The Company hereby represents and warrants to you that the following statements are true and complete in every material respect on and as of the date of this Certificate.
1. The Company is a Delaware corporation engaged in the business described in the annual report on Form 10-K filed on March 14, 2011. The Company is not a municipal corporation, bank or corporation for charitable, penal, reformatory or educational purposes.
2. The Company has provided you true and complete copies of all actions, consents and minutes of all meetings of Board of Directors and stockholders relating to the approval of the 2011 Plan. All copies of such actions, consents and minutes are true and complete copies of the originals. The Company is not aware of any contract, obligation or other commitment of the Company or the Predecessor that might have a material effect on the opinion you will deliver pursuant to the Registration Statement, other than those listed in your opinion, true and complete copies of which have been furnished to you.
3. The Company is qualified to do business with, and is qualified to do business in the States of California.
4. The Company has not received notice of the revocation of its authority to do business, and to the knowledge of the Company, is in good standing in the State of California. The Company has no knowledge of any vote or written consent of the stockholders electing to initiate a voluntary or involuntary liquidation, winding-up or dissolution of the Company nor any calling of a meeting of stockholders for that purpose. The Company’s Board of Directors has not elected to initiate a voluntary or involuntary liquidation, winding-up or dissolution of the Company nor called a meeting to do so. None of the members of the Board of Directors and none of the stockholders has initiated any action seeking the involuntary dissolution of the Company. Neither the Company nor any stockholder has received any communication from any
other person threatening the Company with commencement of involuntary liquidation proceedings. No petition is pending before any court of the United States under which the Company is a debtor or an alleged debtor pursuant to the U.S. Bankruptcy Code.
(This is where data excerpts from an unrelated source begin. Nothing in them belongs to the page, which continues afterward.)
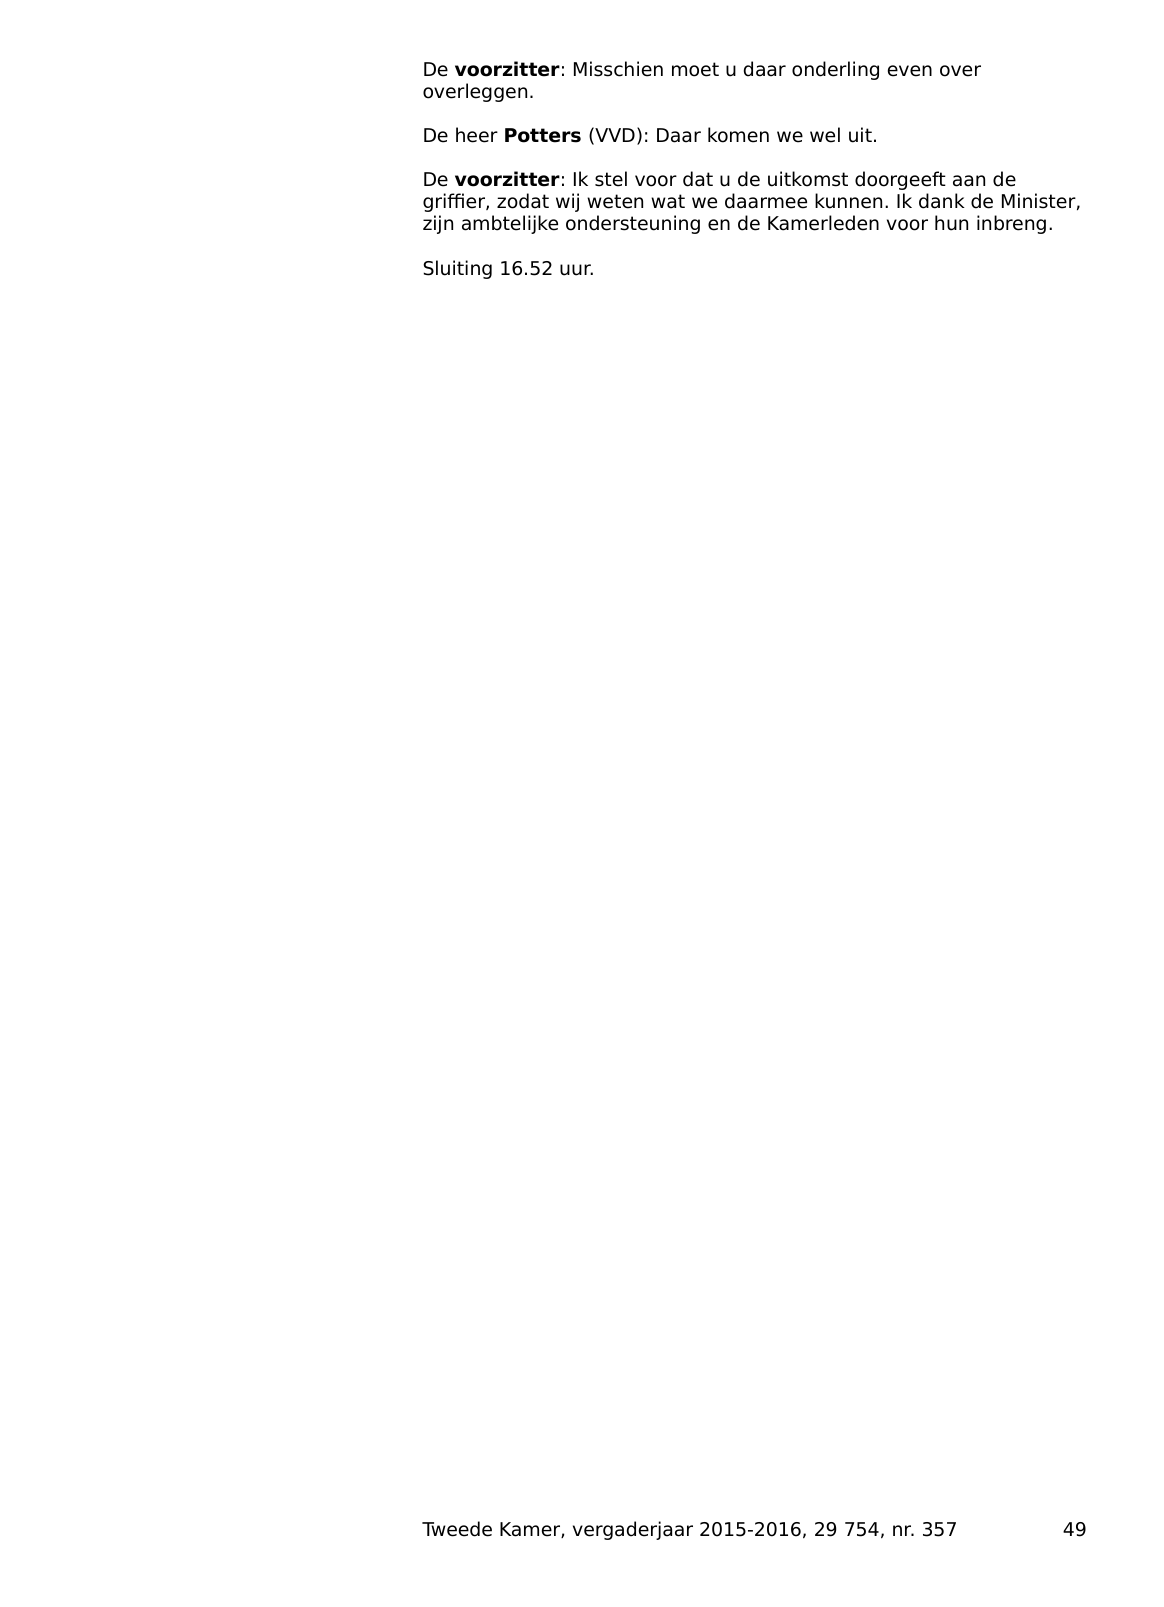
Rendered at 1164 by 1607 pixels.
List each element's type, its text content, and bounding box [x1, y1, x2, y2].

text De heer Potters (VVD): Daar komen we wel uit. [422, 125, 1087, 147]
text Sluiting 16.52 uur. [422, 257, 1087, 279]
text De voorzitter: Misschien moet u daar onderling even over overleggen. [422, 59, 1087, 103]
text De voorzitter: Ik stel voor dat u de uitkomst doorgeeft aan de griffier, zodat wij weten wat we daarmee kunnen. Ik dank de Minister, zijn ambtelijke ondersteuning en de Kamerleden voor hun inbreng. [422, 169, 1087, 235]
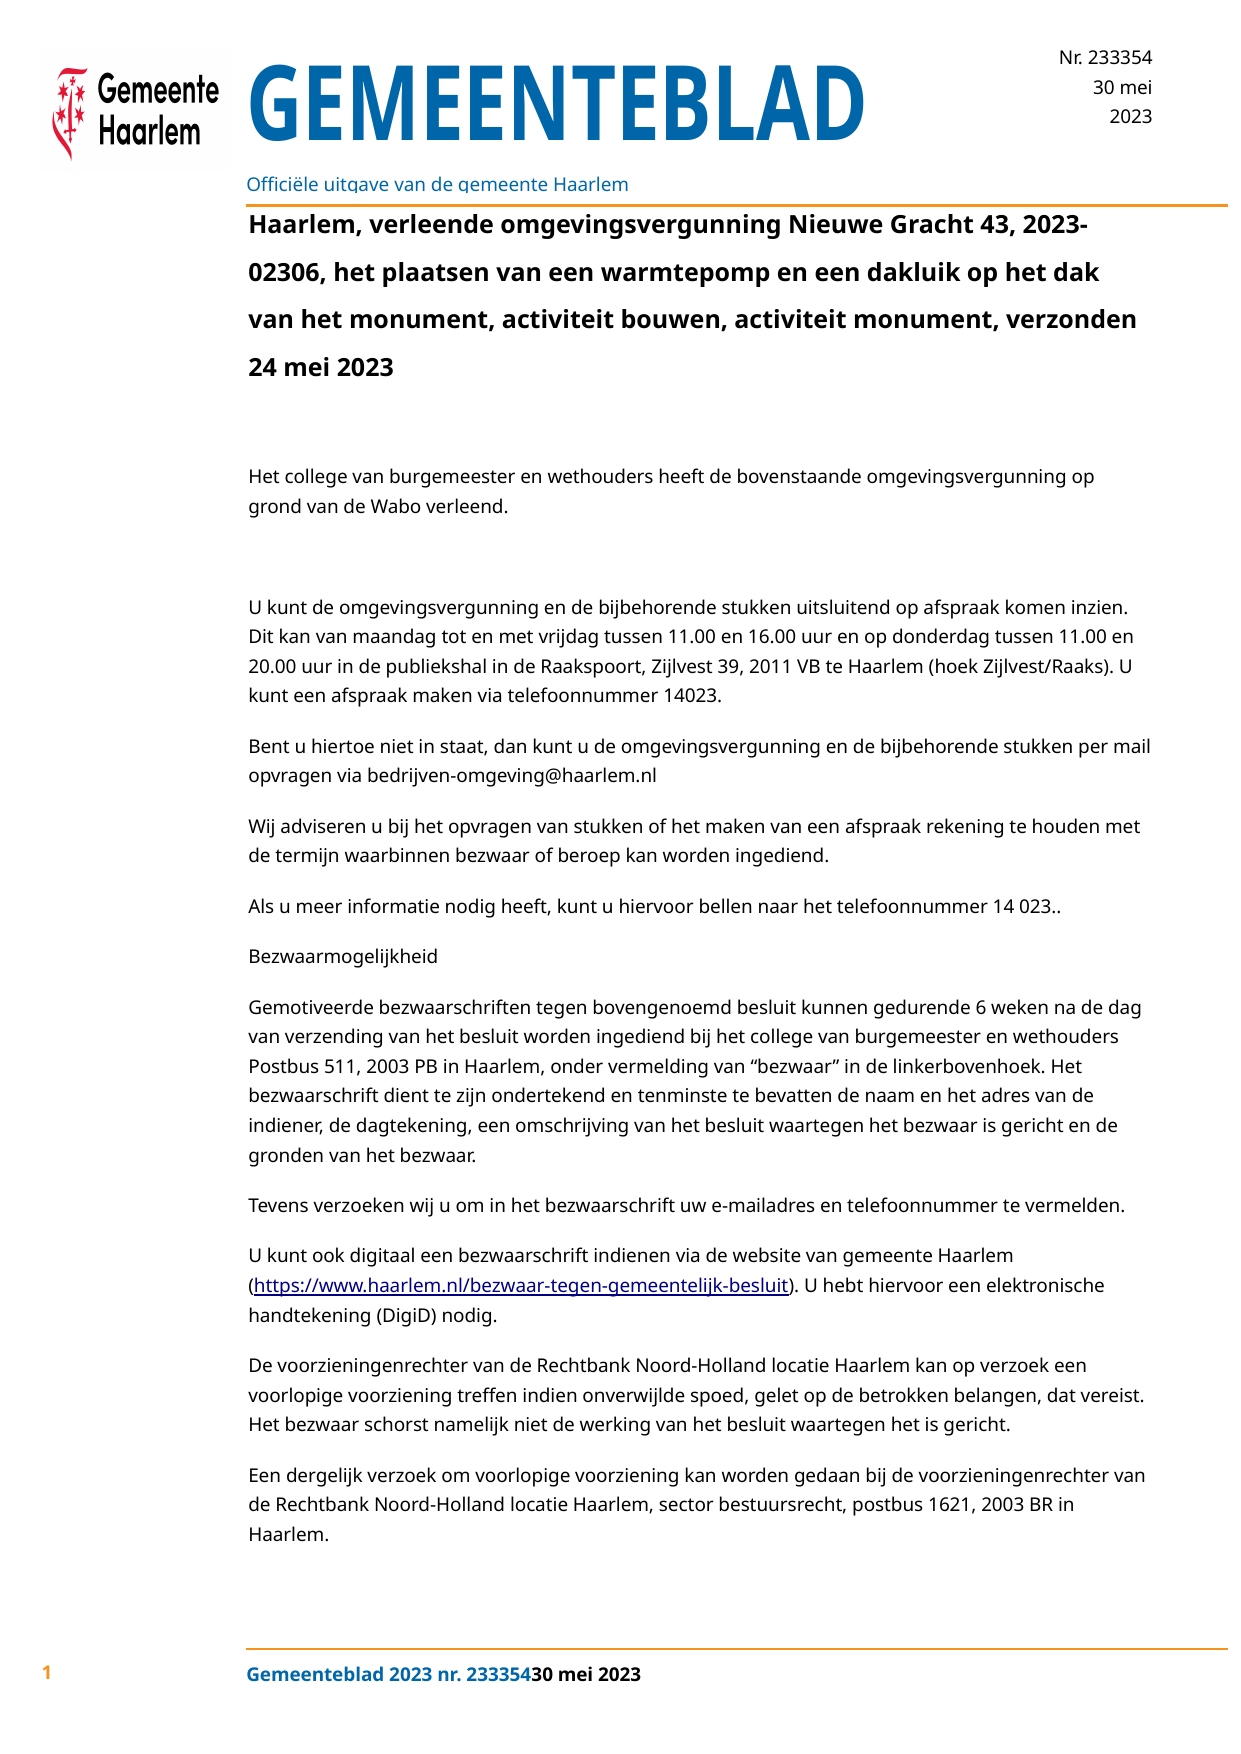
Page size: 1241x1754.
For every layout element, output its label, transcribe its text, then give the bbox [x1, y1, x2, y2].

5. The Company has a valid business license and, to the knowledge of the Company, has all other licenses, permits, franchises or governmental authorizations required for the conduct of its business.
6. The Certificate of Incorporation and Bylaws of the Company filed as Exhibit’s to the Company’s most recent Annual Report on Form 10-K are the currently effective certificate of incorporation and bylaws of the Company, respectively. Neither the Board of Directors nor the stockholders of the Company have approved or adopted any change or amendment to such Certificate of Incorporation or Bylaws.
7. Victor Viegas, Shum Mukherjee and Amie Peters are the Chief Executive Officer, Chief Financial Officer and General Counsel and Secretary, respectively of the Company.
8. The current directors of the Company are Victor Viegas, Anne DeGheest, John Fichthorn, Jack Saltich, Carl Schlachte and David Sugishita.
9. As of June 28, 2011, the issued and outstanding capital stock of the Company is as follows.
(a) A total of 5,000,000 shares of Preferred Stock are authorized, none of which are issued and outstanding.
(b) A total of 100,000,000 shares of Common Stock are authorized, of which 31,548,637 shares are issued and outstanding.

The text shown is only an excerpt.